A. B. Article 47(1)(b) of the former Housing Construction Promotion Act (amended by Act No. 4530 of Dec. 8, 1992); Article 51 subparag. 6 of the former Housing Construction Promotion Act (amended by Act No. 4540 of Feb. 24, 1993); Article 326 subparag. 4 of the Criminal Procedure Act

Reference Cases

B. Supreme Court Decision 92Do3168 delivered on March 9, 1993, 93Do44 delivered on May 25, 1993, 93Do1211 delivered on January 11, 1994

Escopics

Defendant

upper and high-ranking persons

Defendant

Defense Counsel

Attorneys Kim Gi-sop et al.

Judgment of the lower court

Seoul Criminal Court Decision 93No3456 delivered on August 19, 1993

Text

The appeal is dismissed.

Reasons

We examine the grounds of appeal.

Examining the evidence admitted by the court below after comparing it with the records, the court below's decision that recognized the defendant's criminal intent for the crime of this case is just and acceptable, and even if the defendant knew that the act of this case was not punished by law, it cannot be deemed that there was a justifiable reason, and thus, the responsibility cannot be deemed to be avoided.

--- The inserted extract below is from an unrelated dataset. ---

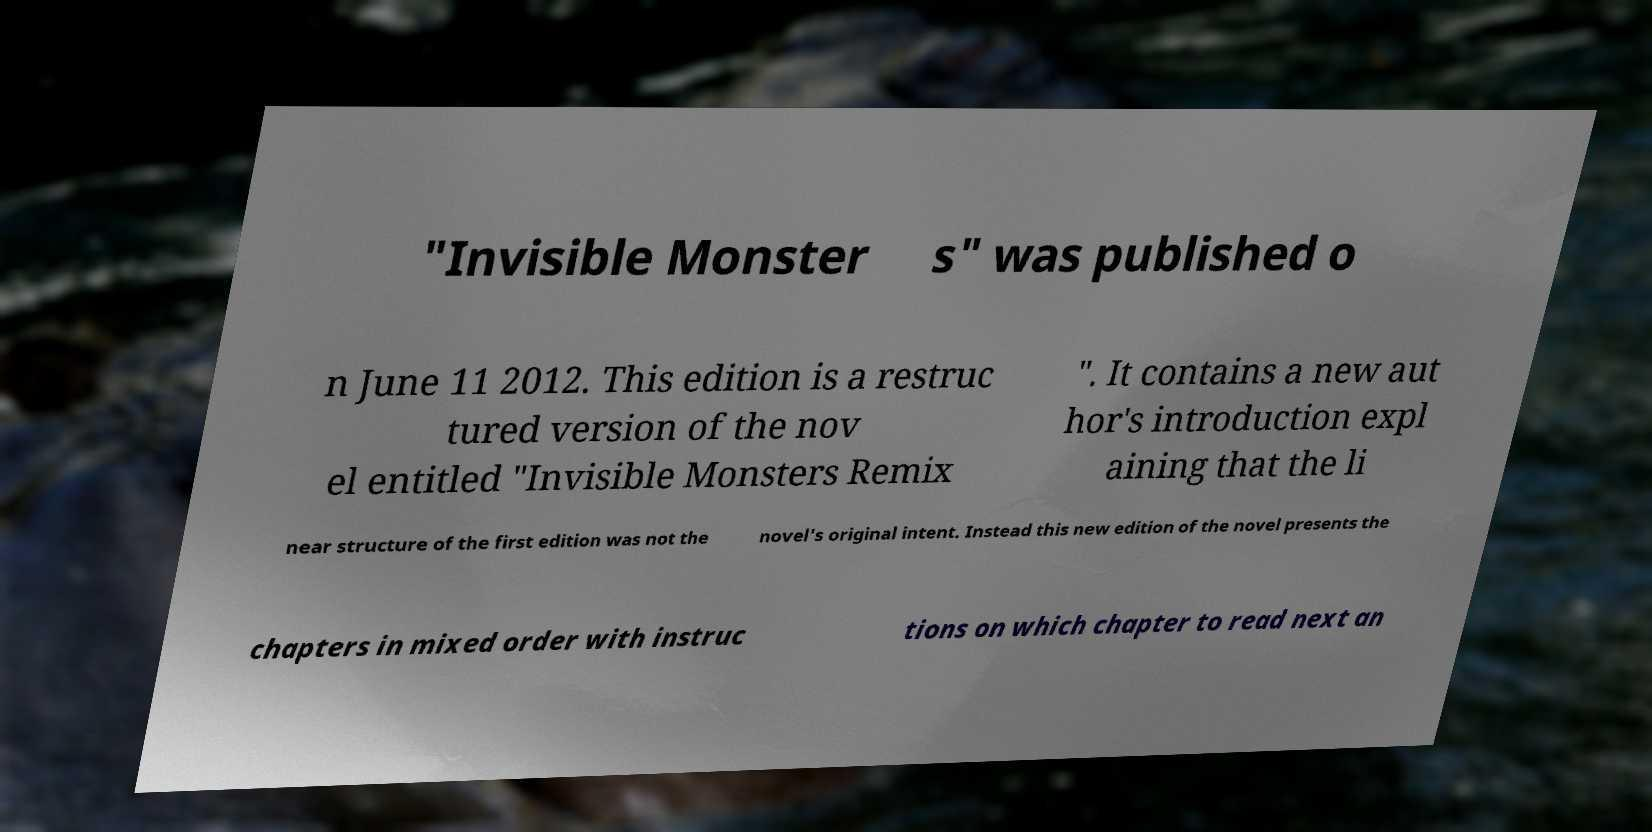What messages or text are displayed in this image? I need them in a readable, typed format. "Invisible Monster s" was published o n June 11 2012. This edition is a restruc tured version of the nov el entitled "Invisible Monsters Remix ". It contains a new aut hor's introduction expl aining that the li near structure of the first edition was not the novel's original intent. Instead this new edition of the novel presents the chapters in mixed order with instruc tions on which chapter to read next an

In addition, "the act of being supplied with or being supplied with a house constructed and supplied under the above Act by fraud or other improper means" which is punished by Articles 51 subparagraph 6 and 47 (1) of the former Housing Construction Promotion Act (amended by Act No. 4530 of Dec. 8, 1992) means the act of being supplied with a house (or having a person who is not qualified to be supplied with a house) by a person who is not entitled to be supplied with a house under the above Act by improper means, such as pretending that he is qualified to be provided with a house under the above Act, and it does not necessarily mean that the act can be punished with speculativeness, and it does not necessarily mean that the above provision is not limited to what meaning "private or other improper means" in the above provision, and it does not violate the principle of no punishment without the law. The judgment of the court below to the same purport is justified.

In addition, Article 51 subparagraph 6 of the former Housing Construction Promotion Act and Article 47 (1) of the former Housing Construction Promotion Act were amended by Act No. 4530 of Dec. 8, 192 (the enforcement date of the amended Act) and excluded from the act of "to acquire or to obtain a house constructed and supplied under the above Act by deceit or other unlawful means," which was subject to punishment, but the above amended Act was re-amended by Act No. 4540 of Feb. 24, 1993 (the enforcement date of the amended Act was March 1, 1993) prior to the enforcement date of the amended Act (the enforcement date of the amended Act was March 1, 1993). Thus, the criminal facts of the defendant in this case cannot be viewed as falling under the case of change after the crime was committed.

Therefore, the appeal is dismissed. It is so decided as per Disposition by the assent of all participating Justices on the bench.